In een recentere studie van kinderen jonger dan 2 jaar met het syndroom van Down, die een aanzienlijk risico lopen op RSV-infectie, werd prospectieve behandeling met palivizumab geassocieerd met een 3,6-voudige verlaging van de incidentie rate ratio voor RSV-gerelateerde ziekenhuisopname. Onderzoekers vergeleken het aantal RSV-gebeurtenissen bij 532 kinderen met het syndroom van Down die profylactisch palivizumab kregen en 233 onbehandelde kinderen. In totaal werden 31 (23 onbehandeld, 8 behandeld) RSV-gerelateerde ziekenhuisopnames gedocumenteerd.
Een monoklonaal antilichaam van de tweede generatie, motavizumab, met een grotere affiniteit voor RSV dan palivizumab, werd onlangs onderzocht.

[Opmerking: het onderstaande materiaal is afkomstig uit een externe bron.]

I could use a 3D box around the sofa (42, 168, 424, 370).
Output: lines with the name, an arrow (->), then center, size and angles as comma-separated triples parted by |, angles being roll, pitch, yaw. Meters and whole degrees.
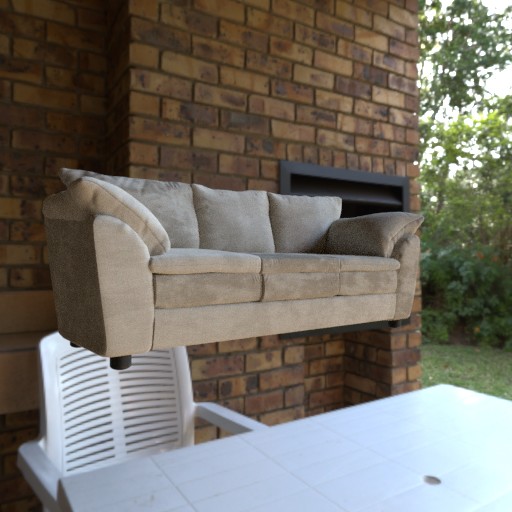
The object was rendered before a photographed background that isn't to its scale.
sofa -> 0.000, 0.000, 2.747 | 2.377, 0.981, 0.893 | 1, -1, -37
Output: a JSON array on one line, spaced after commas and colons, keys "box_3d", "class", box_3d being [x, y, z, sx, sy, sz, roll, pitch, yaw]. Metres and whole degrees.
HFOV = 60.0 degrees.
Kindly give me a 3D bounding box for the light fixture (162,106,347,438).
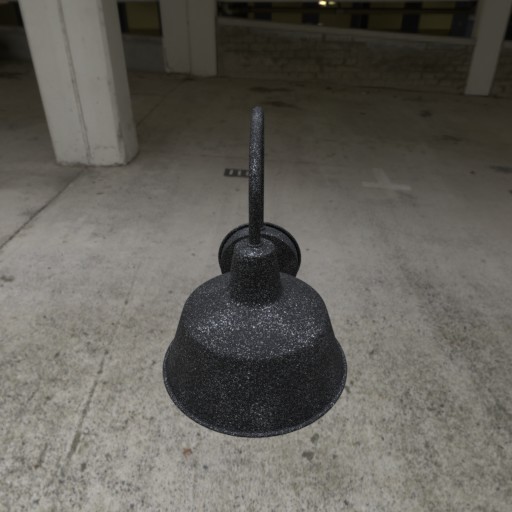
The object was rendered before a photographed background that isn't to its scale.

In een dubbelblinde, multinationale studie werd motavizumab vergeleken met palivizumab bij 6635 premature zuigelingen met chronische longziekte van prematuriteit. De 2 geneesmiddelen hadden vergelijkbaar lage percentages van ziekenhuisopname voor RSV. Met motavizumab werd een significante vermindering (50% relatieve vermindering) waargenomen van poliklinische, RSV-specifieke, medisch begeleide LRTI. Premature pasgeborenen die motavizumab kregen, hadden minder poliklinische luchtweginfecties dan degenen die palivizumab kregen, de huidige standaardbehandeling. Vanwege het gebrek aan verbeterde preventie van ziekenhuisopname met motavizumab en een verhoogd optreden van huiduitslagreacties in deze groep, is motavizumab op dit moment echter niet goedgekeurd door de Amerikaanse Food and Drug Administration (FDA) en heeft de fabrikant besloten de vergunningverlening op dit moment niet voort te zetten. Een nieuwer monoklonaal antilichaam met langere halfwaardetijd wordt momenteel klinisch onderzocht.
Vaccinatie
Tot op heden zijn pogingen om een vaccin tegen RSV te ontwikkelen niet succesvol geweest . Een formaline-geïnactiveerd RSV-vaccin werd ontwikkeld in de jaren 1960. Hoewel de eerste serologische reacties op dit vaccin veelbelovend leken, ontwikkelden de kinderen die het vaccin kregen een ernstiger ziekte wanneer ze werden blootgesteld aan een natuurlijke RSV-infectie, en er werd een aantal sterfgevallen gerapporteerd. Een aantal recente gebeurtenissen heeft de ontwikkeling van vaccins versneld, d.w.z. a) literatuur over RSV-belasting bij zuigelingen en ouderen, b) succes van palivizumab bij hoog-risico zuigelingen, c) identificatie van nieuwere pre-F RSV-epitopen als vaccindoelwitten. Vandaag de dag zijn er ongeveer 60 kandidaat-vaccins in preklinische en klinische (fase 1- 3) proeven.{ref 32} De verschillende platforms die gebruikt worden voor de ontwikkeling van vaccins zijn: levend verzwakt, deeltjes-, subunit- en vector-gebaseerde vaccins. De meeste kandidaat-vaccins wekken immuniteit op tegen het pre-fusie F-eiwit. Deze vaccins worden geëvalueerd voor mogelijke immunisatie van jonge kinderen, ouderen en ook voor toediening aan zwangere vrouwen tijdens het laatste trimester om het niveau van anti-RSV-antilichaam dat aan de zuigeling wordt overgedragen te verhogen. Er is aanzienlijke vooruitgang geboekt, maar een vaccin dat klaar is voor gebruik in de klinische praktijk is waarschijnlijk nog 5-10 jaar verwijderd.
Vitamine D-suppletie
In een prospectieve geboortecohortstudie waarin de concentraties van 25-hydroxyvitamine D (25-OHD) in navelstrengbloedplasma bij 156 pasgeborenen werden geëvalueerd, hadden pasgeborenen met 25-OHD-concentraties lager dan 50 nmol/L een 6-voudig groter risico op RSV LRTI in het eerste levensjaar dan pasgeborenen met 25-OHD-concentraties van 75 nmol/L of minder. Deze resultaten wijzen erop dat vitamine D-tekort bij gezonde pasgeborenen geassocieerd is met een verhoogd risico op RSV LRTI in het eerste levensjaar. Vitamine D-suppletie tijdens de zwangerschap kan RSV LRTI tijdens de zuigelingenleeftijd verbeteren.